Asked if he would like to see more Indian cerebral competence at the global level, the founder points out to Balaji Gopalan, Managing Director of Carraro India. “Balaji is an example; he looks after China in addition to the responsibilities here,” says Carraro.

Key markets

While Indians are offered key responsibilities in Italy, they opt for short-term assignments since it is not the easiest of tasks relocating overseas while leaving their families behind. Clearly, India and China are important markets even while the current slowdown is a bit of a concern.

“Last year’s numbers were higher than what we projected. So it evens out during a down period which means there is really no change in our projections for India and China,” says Carraro. Gopalan then chips in to add that the operations here meet the needs of Europe and the Americas.

The importance of India has also been articulated by Enrico Carraro, Chairman, in the Annual Review where he says 2018 was “unquestionably the year of India” which became the Group’s top destination market with over €100 million in local sales, surpassing North America and “confirming its status as the real engine of our growth”.

Mario Carraro needs to leave while Alessandro Gigli, Purchasing & Information Technology Director, quickly takes his place.
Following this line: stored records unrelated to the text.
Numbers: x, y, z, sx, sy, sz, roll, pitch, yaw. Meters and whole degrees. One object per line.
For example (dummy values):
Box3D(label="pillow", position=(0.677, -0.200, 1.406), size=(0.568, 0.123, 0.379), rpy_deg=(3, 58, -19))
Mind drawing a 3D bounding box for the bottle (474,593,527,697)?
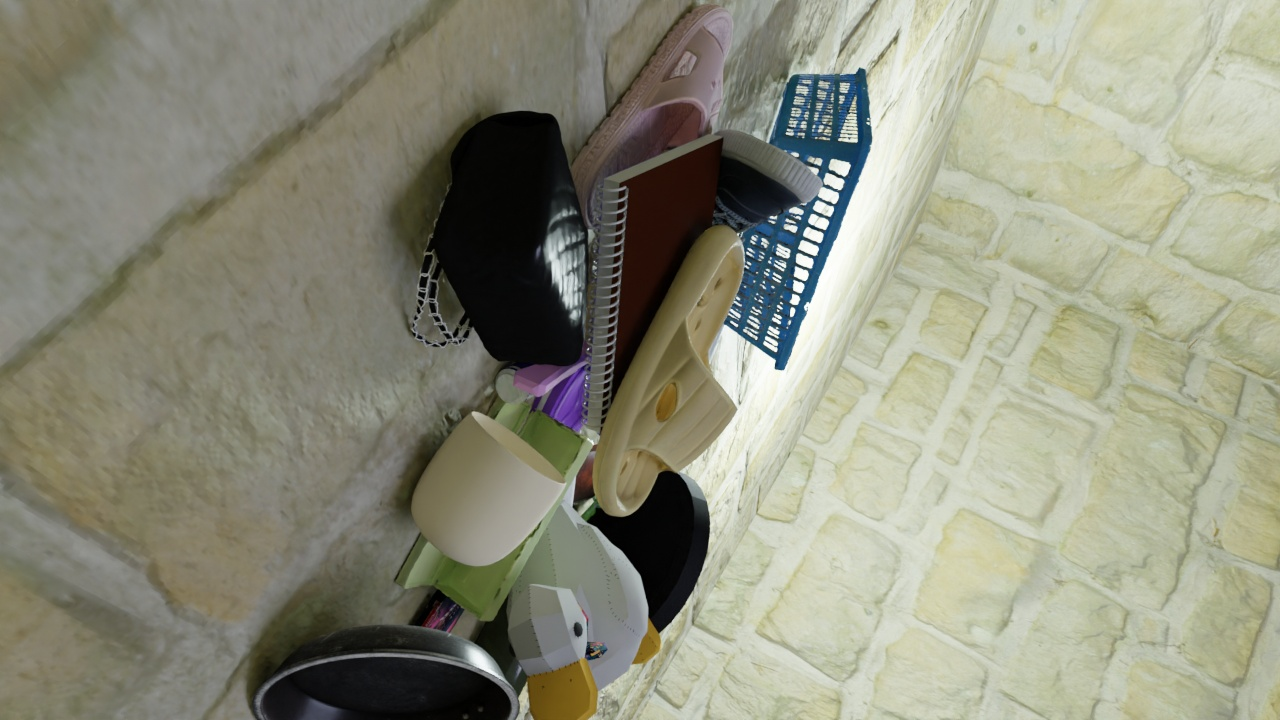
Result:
Box3D(label="bottle", position=(-0.138, 0.303, 1.020), size=(0.207, 0.071, 0.071), rpy_deg=(-63, 163, -1))

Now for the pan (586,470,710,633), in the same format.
Box3D(label="pan", position=(0.015, 0.172, 1.114), size=(0.034, 0.226, 0.355), rpy_deg=(33, 69, -30))

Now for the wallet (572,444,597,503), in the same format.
Box3D(label="wallet", position=(-0.066, 0.131, 1.063), size=(0.072, 0.019, 0.123), rpy_deg=(-65, 163, 6))

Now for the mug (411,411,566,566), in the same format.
Box3D(label="mug", position=(-0.122, 0.111, 0.733), size=(0.100, 0.096, 0.120), rpy_deg=(-52, 156, 0))

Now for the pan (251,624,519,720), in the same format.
Box3D(label="pan", position=(-0.127, 0.292, 0.720), size=(0.188, 0.356, 0.055), rpy_deg=(-33, -139, 27))

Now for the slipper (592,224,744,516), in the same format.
Box3D(label="slipper", position=(0.043, 0.012, 0.753), size=(0.261, 0.079, 0.111), rpy_deg=(-67, 153, -10))

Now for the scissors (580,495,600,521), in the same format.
Box3D(label="scissors", position=(-0.047, 0.163, 1.103), size=(0.172, 0.025, 0.159), rpy_deg=(-45, 176, 25))

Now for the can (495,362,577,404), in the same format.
Box3D(label="can", position=(-0.089, 0.010, 0.795), size=(0.095, 0.032, 0.032), rpy_deg=(-32, 145, -59))

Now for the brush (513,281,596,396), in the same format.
Box3D(label="brush", position=(-0.037, -0.024, 0.802), size=(0.228, 0.089, 0.043), rpy_deg=(-32, 140, -59))

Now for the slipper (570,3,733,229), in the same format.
Box3D(label="slipper", position=(0.025, -0.196, 0.769), size=(0.238, 0.064, 0.094), rpy_deg=(-54, 161, -22))

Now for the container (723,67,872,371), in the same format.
Box3D(label="container", position=(0.170, -0.183, 1.034), size=(0.361, 0.089, 0.258), rpy_deg=(-67, 175, -60))

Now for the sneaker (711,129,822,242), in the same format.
Box3D(label="sneaker", position=(0.077, -0.147, 0.833), size=(0.087, 0.089, 0.236), rpy_deg=(-62, -161, -2))

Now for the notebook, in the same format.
Box3D(label="notebook", position=(0.010, -0.062, 0.744), size=(0.171, 0.022, 0.209), rpy_deg=(-37, 140, -50))

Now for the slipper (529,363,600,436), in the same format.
Box3D(label="slipper", position=(-0.006, 0.005, 0.943), size=(0.265, 0.084, 0.107), rpy_deg=(-48, 158, -40))

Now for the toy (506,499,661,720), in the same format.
Box3D(label="toy", position=(-0.068, 0.243, 0.891), size=(0.141, 0.246, 0.268), rpy_deg=(-19, 149, 5))

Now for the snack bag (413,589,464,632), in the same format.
Box3D(label="snack bag", position=(-0.215, 0.281, 0.858), size=(0.155, 0.018, 0.075), rpy_deg=(-57, 163, -14))

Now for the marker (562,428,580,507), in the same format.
Box3D(label="marker", position=(-0.080, 0.131, 0.980), size=(0.027, 0.023, 0.133), rpy_deg=(-14, 123, -39))

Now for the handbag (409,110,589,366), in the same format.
Box3D(label="handbag", position=(-0.093, -0.079, 0.605), size=(0.154, 0.115, 0.125), rpy_deg=(72, 24, -63))

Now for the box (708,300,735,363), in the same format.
Box3D(label="box", position=(0.048, -0.007, 1.096), size=(0.215, 0.083, 0.122), rpy_deg=(-66, 166, 10))

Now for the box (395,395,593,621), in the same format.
Box3D(label="box", position=(-0.121, 0.132, 0.805), size=(0.188, 0.083, 0.091), rpy_deg=(-62, 168, -3))

According to him, the group is betting big in the electric mobility space and had displayed its hybrid tractor at the Eima fair in Italy last year.
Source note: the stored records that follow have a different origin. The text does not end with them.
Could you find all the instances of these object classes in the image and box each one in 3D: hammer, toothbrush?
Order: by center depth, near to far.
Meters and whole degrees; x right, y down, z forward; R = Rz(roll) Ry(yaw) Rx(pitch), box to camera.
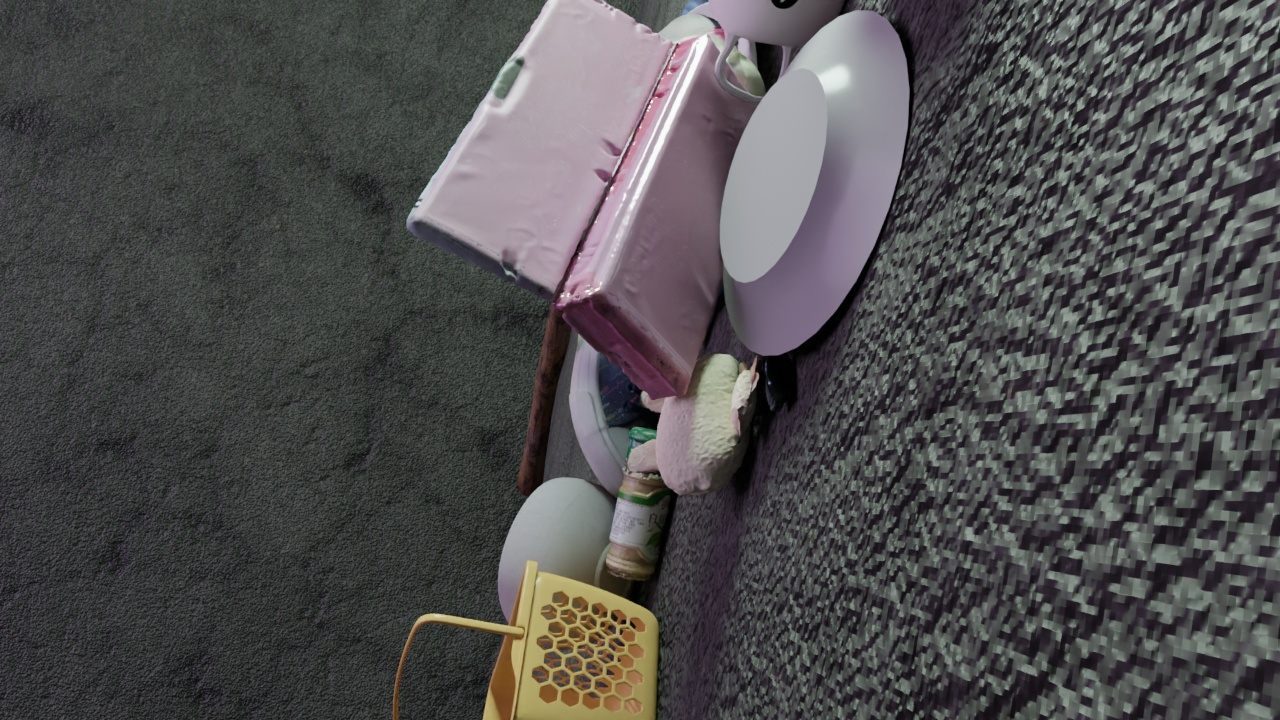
[{"bbox_3d":[0.073,-0.042,0.516,0.187,0.014,0.017,-85,3,-47],"label":"toothbrush"},{"bbox_3d":[-0.075,-0.003,0.794,0.119,0.033,0.331,-93,14,-54],"label":"hammer"}]

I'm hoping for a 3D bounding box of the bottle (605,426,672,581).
[{"bbox_3d":[0.001,0.106,0.682,0.043,0.042,0.110,-178,100,-82],"label":"bottle"}]

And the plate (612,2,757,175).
[{"bbox_3d":[0.043,-0.197,0.810,0.230,0.030,0.229,-30,54,54],"label":"plate"}]

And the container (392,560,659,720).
[{"bbox_3d":[-0.087,0.242,0.634,0.129,0.167,0.184,-86,12,-48],"label":"container"}]

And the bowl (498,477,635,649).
[{"bbox_3d":[-0.045,0.162,0.723,0.131,0.064,0.132,-15,-73,-57],"label":"bowl"}]

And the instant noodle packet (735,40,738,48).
[{"bbox_3d":[0.105,-0.333,0.606,0.269,0.057,0.146,128,161,-76],"label":"instant noodle packet"}]

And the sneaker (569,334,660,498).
[{"bbox_3d":[-0.005,0.005,0.779,0.079,0.087,0.235,-26,47,27],"label":"sneaker"}]

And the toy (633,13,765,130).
[{"bbox_3d":[0.023,-0.156,0.710,0.137,0.085,0.210,54,133,53],"label":"toy"}]

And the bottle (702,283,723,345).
[{"bbox_3d":[0.038,-0.069,0.661,0.048,0.048,0.131,-91,0,-60],"label":"bottle"}]

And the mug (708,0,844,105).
[{"bbox_3d":[0.075,-0.217,0.547,0.090,0.076,0.124,-96,20,-68],"label":"mug"}]

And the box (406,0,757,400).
[{"bbox_3d":[-0.007,-0.113,0.530,0.055,0.180,0.232,-29,34,49],"label":"box"}]

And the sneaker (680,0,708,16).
[{"bbox_3d":[0.029,-0.295,0.956,0.116,0.091,0.242,-94,19,-73],"label":"sneaker"}]

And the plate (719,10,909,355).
[{"bbox_3d":[0.072,-0.089,0.457,0.173,0.019,0.173,-169,91,-71],"label":"plate"}]

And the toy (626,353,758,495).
[{"bbox_3d":[0.037,0.034,0.516,0.113,0.050,0.087,-19,47,42],"label":"toy"}]

Yet, bringing this model to India is not on the radar since the Centre still needs to formulate a policy that will encourage manufacturers like Carraro to contemplate such offerings. “We are ready anytime the gates are thrown open here. If there is a market and policy, we are ready to go,” reiterates Gigli.

He is quick to clarify though that it is not Carraro’s intent to compete with its tractor customers. The hybrid will be considered for India only if it is in a niche segment that does not end up grabbing a share of the existing tractor pie.
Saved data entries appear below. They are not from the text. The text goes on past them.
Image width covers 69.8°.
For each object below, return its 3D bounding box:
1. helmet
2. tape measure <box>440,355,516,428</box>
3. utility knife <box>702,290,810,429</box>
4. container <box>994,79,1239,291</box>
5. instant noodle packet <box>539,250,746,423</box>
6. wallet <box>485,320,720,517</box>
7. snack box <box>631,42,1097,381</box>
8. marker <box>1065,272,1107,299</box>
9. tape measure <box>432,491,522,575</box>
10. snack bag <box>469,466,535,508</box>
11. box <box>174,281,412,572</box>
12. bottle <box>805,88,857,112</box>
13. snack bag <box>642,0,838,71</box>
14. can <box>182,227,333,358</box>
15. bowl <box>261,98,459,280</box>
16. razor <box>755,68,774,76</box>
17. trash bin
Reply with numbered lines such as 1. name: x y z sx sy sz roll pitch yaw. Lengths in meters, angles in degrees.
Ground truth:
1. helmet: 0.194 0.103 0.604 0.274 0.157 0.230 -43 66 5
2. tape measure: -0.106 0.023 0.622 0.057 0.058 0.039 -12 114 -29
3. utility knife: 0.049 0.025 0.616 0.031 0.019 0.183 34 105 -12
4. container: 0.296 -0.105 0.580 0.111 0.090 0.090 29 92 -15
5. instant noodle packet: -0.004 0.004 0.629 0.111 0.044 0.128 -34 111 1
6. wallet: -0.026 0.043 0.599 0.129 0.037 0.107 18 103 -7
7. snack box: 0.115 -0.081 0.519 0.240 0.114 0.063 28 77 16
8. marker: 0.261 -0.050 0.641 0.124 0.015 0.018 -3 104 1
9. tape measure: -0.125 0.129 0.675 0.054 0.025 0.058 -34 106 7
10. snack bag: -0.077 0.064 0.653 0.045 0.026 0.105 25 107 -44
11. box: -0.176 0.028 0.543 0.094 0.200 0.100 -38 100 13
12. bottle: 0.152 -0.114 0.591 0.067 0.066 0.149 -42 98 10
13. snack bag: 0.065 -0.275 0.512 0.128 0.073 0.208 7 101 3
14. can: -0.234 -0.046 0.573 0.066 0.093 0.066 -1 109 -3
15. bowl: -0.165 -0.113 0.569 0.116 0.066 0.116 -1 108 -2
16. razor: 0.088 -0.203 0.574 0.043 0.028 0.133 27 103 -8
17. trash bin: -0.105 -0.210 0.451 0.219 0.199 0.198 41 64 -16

Carraro is also developing GPS-enabled autonomous tractors for farms in Europe. The chances of these coming to India are quite remote given the diverse ground realities vis-a-vis Europe both in terms of age demographics and labour costs.

At present, India is one of the largest sourcing hubs for Carraro globally and only the second after Italy. According to Gigli, it is is on track to becoming the largest over the next five years. “The opportunities here are dramatically higher than other parts of the world in areas like agriculture and construction equipment,” he says.

Carraro operates out of a single manufacturing location near Pune though this model could change in the future. “In my mind, I see smaller distribution and service hubs that can support the customer. You could have one big Carraro here and perhaps two smaller units in other locations,” he continues. Pune will, therefore, end up becoming the mother plant that supplies parts elsewhere to these hubs.

“This is what I think will happen since big plants are too costly for the future and you need something faster to service the market,” says Gigli while drawing the example of the Amazon business model .

Potential for e-mobility

And even while electric mobility is in its early stages, he believes that it has the potential to alter the landscape since it is completely different from the traditional mechanical system.

”I believe that if you are not fast enough to react, you had better not venture into this space,” adds Gigli.

He is confident that Carraro’s new generation of employees will play a big role in this transition where the future will bring “a change in thinking from inside”. After all, he reasons, GenNext is a lot smarter with technology, big data and so on.

This is also where India will have a big role to play with its technological capabilities. The Carraro team here is already working on a host of global projects and Gigli says constant efforts are on to “pushing them to understand/travel around the Carraro universe”.

There are constant talk sessions happening with counterparts in Italy who come down to “teach and learn something” in the process. As he puts it, “We don’t need a genius coming from Italy but prefer interactions instead.”